# International Competency Certificate



## EuroboyDC (May 13, 2013)

Hi everyone!

I'm curious whether anyone in the US has ever gotten an International Competency Certificate, and if so how. Is the ASA 104 cert a prerequisite? I'm looking to charter in Croatia next summer, and apparently they are sticklers for paperwork.

Any advice appreciated.

Thanks!

Nico


----------



## alex_sauvage (Aug 31, 2012)

They do require some form of certification from your home country , but not necessarily ICC. I recall seeing long pdf file with all accepted certifications from different countries and the limit of where you can sail with each one , but I cannot find that document right now. ASA 104 was sufficient as I recall.
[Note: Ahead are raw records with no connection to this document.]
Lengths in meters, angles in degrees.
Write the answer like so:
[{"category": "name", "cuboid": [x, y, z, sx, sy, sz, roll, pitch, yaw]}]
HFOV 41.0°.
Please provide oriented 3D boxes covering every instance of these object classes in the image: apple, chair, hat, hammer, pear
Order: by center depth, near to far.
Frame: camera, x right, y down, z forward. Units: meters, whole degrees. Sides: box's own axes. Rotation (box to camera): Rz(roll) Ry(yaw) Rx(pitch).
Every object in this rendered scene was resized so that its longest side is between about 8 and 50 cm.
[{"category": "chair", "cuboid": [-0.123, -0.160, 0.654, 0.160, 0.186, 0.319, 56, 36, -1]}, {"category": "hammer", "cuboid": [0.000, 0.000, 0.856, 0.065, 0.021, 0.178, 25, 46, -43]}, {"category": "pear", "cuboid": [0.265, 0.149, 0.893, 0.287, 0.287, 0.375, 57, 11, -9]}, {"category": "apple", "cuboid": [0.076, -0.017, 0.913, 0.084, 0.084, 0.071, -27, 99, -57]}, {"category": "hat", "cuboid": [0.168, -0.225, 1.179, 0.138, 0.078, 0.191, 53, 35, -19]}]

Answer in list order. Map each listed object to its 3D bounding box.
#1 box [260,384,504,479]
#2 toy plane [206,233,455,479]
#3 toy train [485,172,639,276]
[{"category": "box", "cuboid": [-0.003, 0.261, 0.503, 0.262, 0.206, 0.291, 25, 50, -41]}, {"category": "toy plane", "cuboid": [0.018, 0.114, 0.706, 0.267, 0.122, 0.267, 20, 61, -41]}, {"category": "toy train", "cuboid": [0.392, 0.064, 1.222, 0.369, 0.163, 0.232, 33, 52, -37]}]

ASA will also issue you "Mediterranean helmsman certificate" based on your ASA104. Looks somewhat more official than your ASA log book. What you also need in Croatia is VHF radio certification.


----------



## SailBeats (Aug 15, 2014)

The Med is a little stricter on certifications than some other charter destinations. You will always be able to find a charter company that will not require an ICC. The RYA and IYT provide these ICC certificates, the ASA provides a IPC certificate. You will need to complete your ASA104 and then apply using this link below. The ICC/IPC certificates are just another way for these certification authorities to get more money. I would ask a few charter companies what their requirements are first. 

asa.com/lts-international_proficiency_certificate.html


----------